** Opening Provided data block **
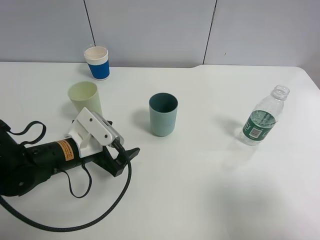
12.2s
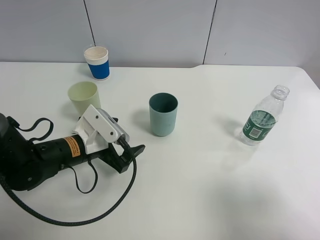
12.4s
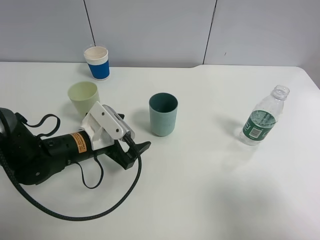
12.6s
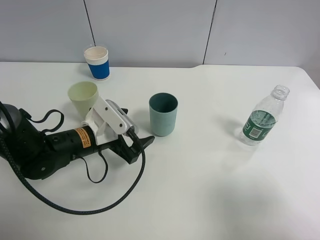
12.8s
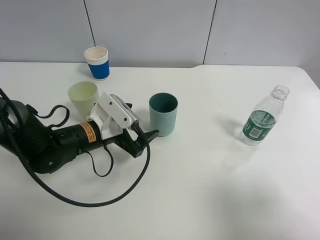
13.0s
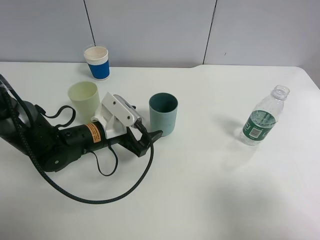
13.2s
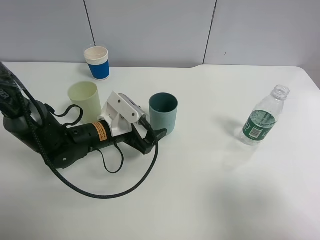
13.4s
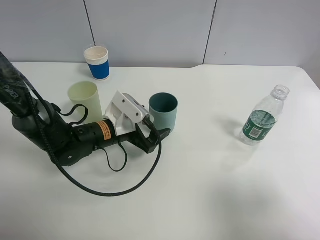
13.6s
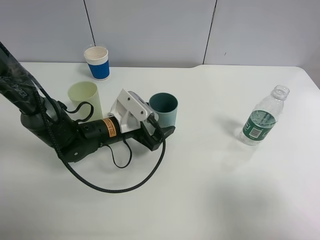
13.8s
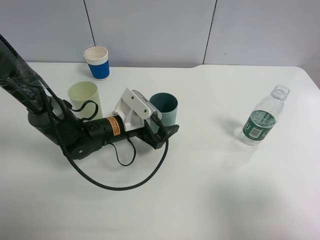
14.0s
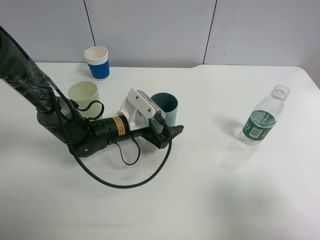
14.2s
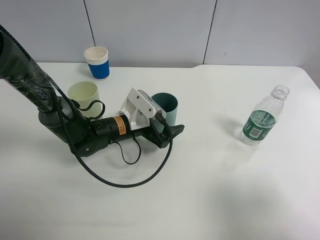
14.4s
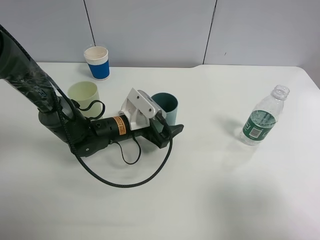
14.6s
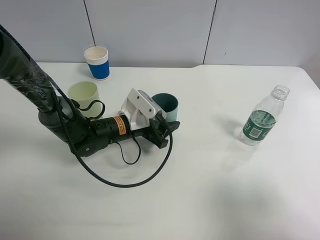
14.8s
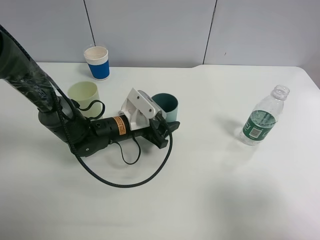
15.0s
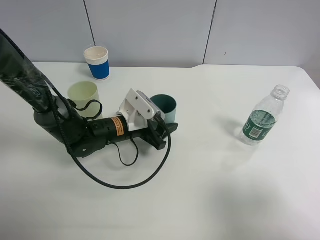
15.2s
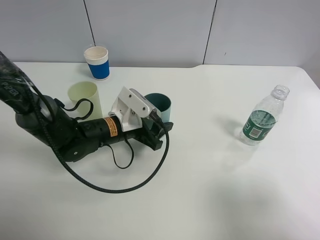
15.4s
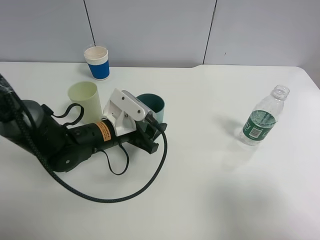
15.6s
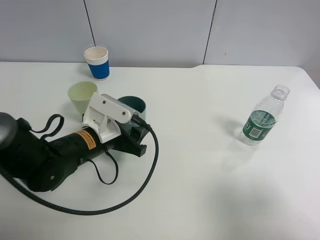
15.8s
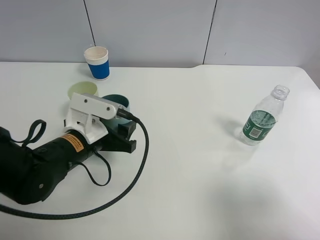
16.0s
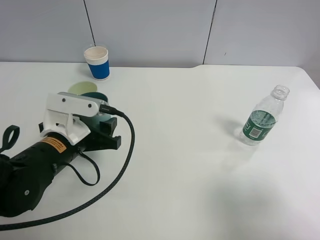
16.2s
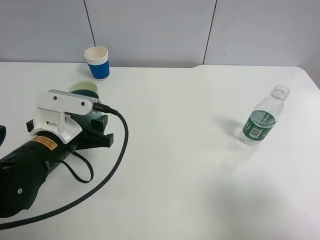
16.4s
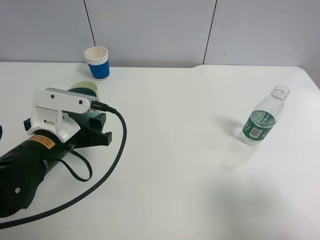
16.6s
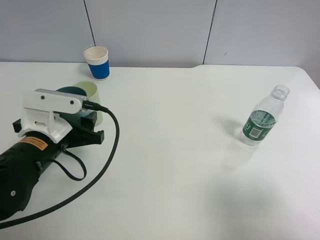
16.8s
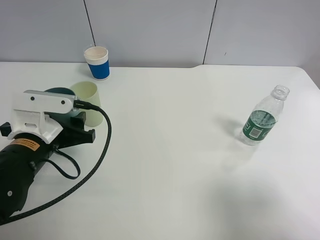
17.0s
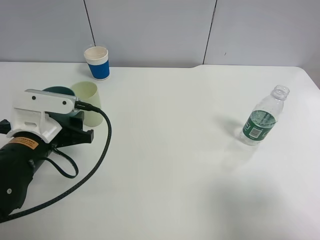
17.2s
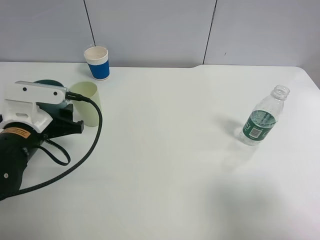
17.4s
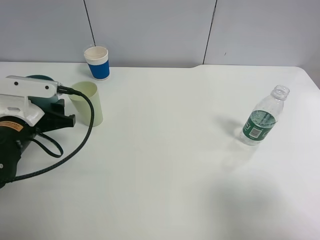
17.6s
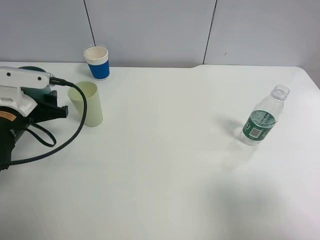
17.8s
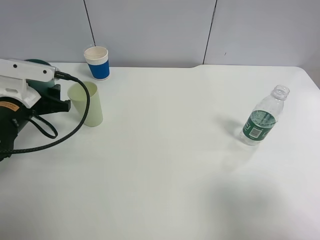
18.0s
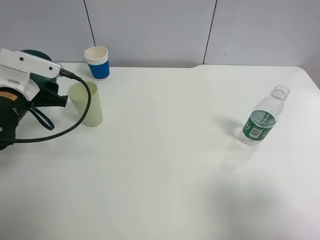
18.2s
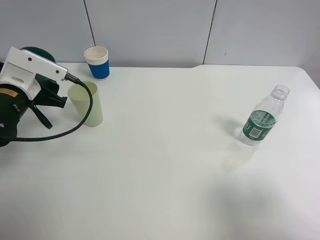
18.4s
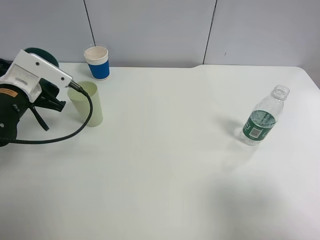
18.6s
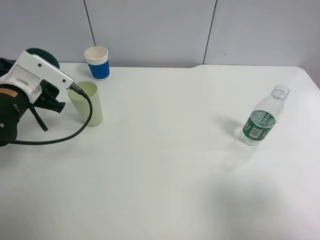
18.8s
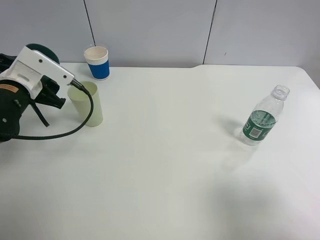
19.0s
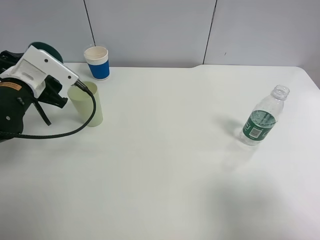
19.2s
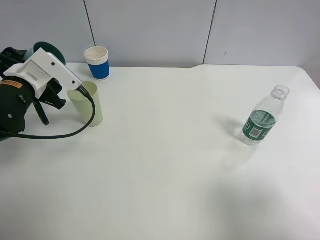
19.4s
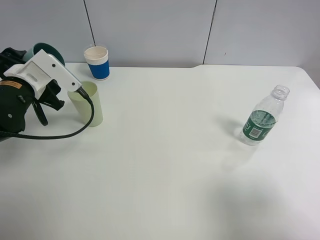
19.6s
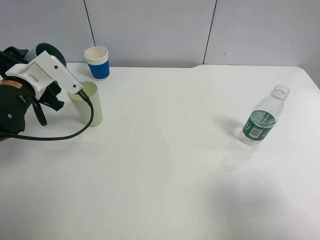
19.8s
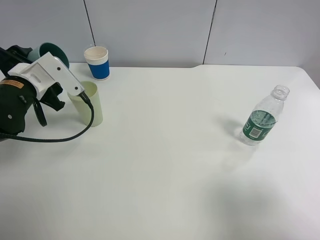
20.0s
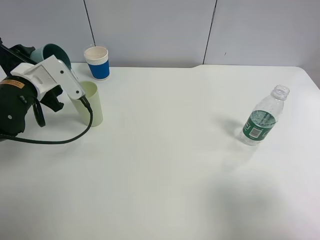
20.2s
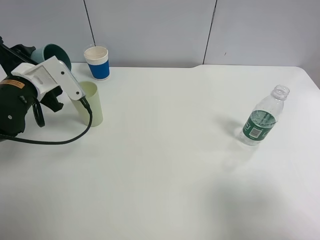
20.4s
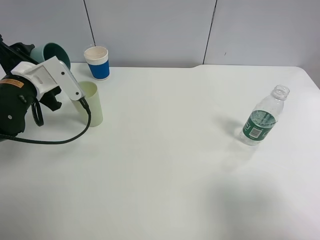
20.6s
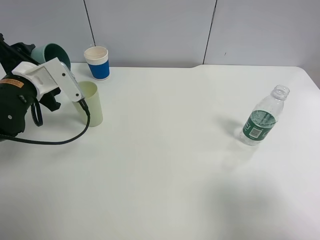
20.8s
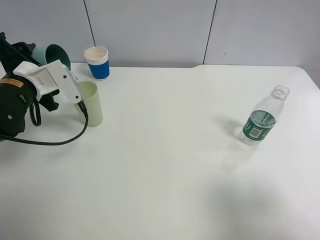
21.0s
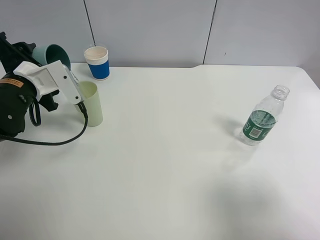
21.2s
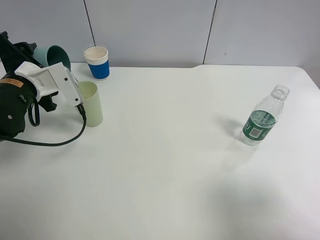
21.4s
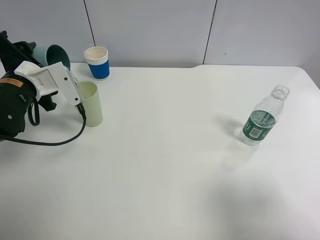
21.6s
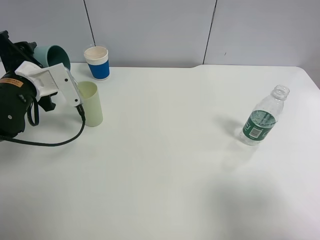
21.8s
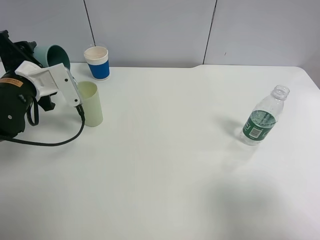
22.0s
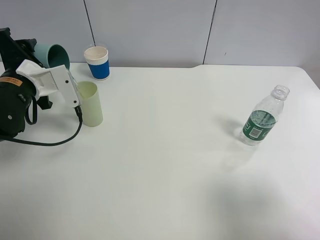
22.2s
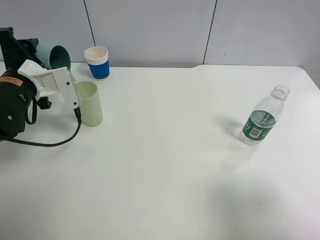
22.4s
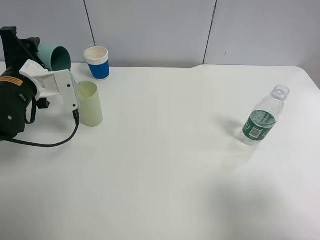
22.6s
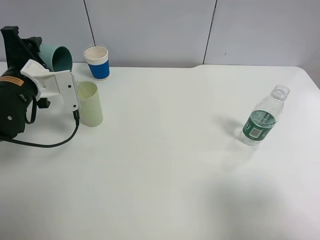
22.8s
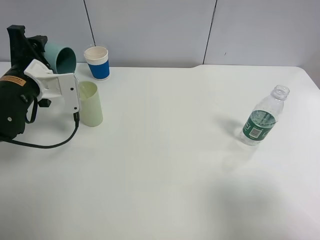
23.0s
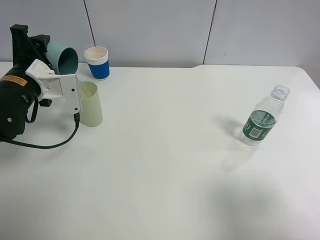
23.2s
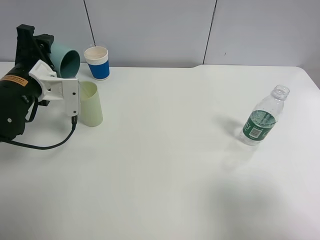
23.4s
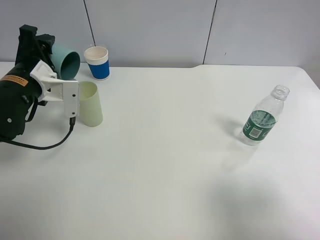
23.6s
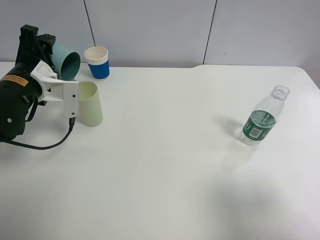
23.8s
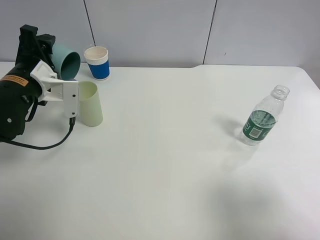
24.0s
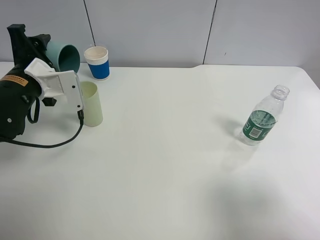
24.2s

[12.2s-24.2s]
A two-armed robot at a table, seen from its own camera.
** Closing Provided data block **
- _Action item_
A faithful copy of the records above, without images, is what to give back.

- _Result of the exercise_
12.2s
12.4s
12.6s
12.8s
13.0s
13.2s
13.4s
13.6s
13.8s
14.0s
14.2s
14.4s
14.6s
14.8s
15.0s
15.2s
15.4s
15.6s
15.8s
16.0s
16.2s
16.4s
16.6s
16.8s
17.0s
17.2s
17.4s
17.6s
17.8s
18.0s
18.2s
18.4s
18.6s
18.8s
19.0s
19.2s
19.4s
19.6s
19.8s
20.0s
20.2s
20.4s
20.6s
20.8s
21.0s
21.2s
21.4s
21.6s
21.8s
22.0s
22.2s
22.4s
22.6s
22.8s
23.0s
23.2s
23.4s
23.6s
23.8s
24.0s
24.2s

[12.2s-24.2s]
A two-armed robot at a table, seen from its own camera.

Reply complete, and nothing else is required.